-- What you will do --
The answer must be a single number: how many lines of the entries below include "HFOV".
Records START
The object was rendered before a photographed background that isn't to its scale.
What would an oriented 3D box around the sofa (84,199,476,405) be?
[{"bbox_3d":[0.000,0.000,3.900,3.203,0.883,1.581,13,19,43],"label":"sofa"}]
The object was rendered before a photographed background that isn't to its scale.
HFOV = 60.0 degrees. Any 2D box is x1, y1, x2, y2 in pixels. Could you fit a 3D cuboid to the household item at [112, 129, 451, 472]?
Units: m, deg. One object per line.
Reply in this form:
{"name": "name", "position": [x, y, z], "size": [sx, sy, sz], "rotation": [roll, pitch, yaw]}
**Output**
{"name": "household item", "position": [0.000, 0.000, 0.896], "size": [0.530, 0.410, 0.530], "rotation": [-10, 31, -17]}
Records END
Records START
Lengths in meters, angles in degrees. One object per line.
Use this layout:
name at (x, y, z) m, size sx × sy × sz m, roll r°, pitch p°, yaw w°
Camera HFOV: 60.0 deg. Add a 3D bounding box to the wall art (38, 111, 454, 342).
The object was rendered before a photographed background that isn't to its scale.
Records END
-- Answer space --
2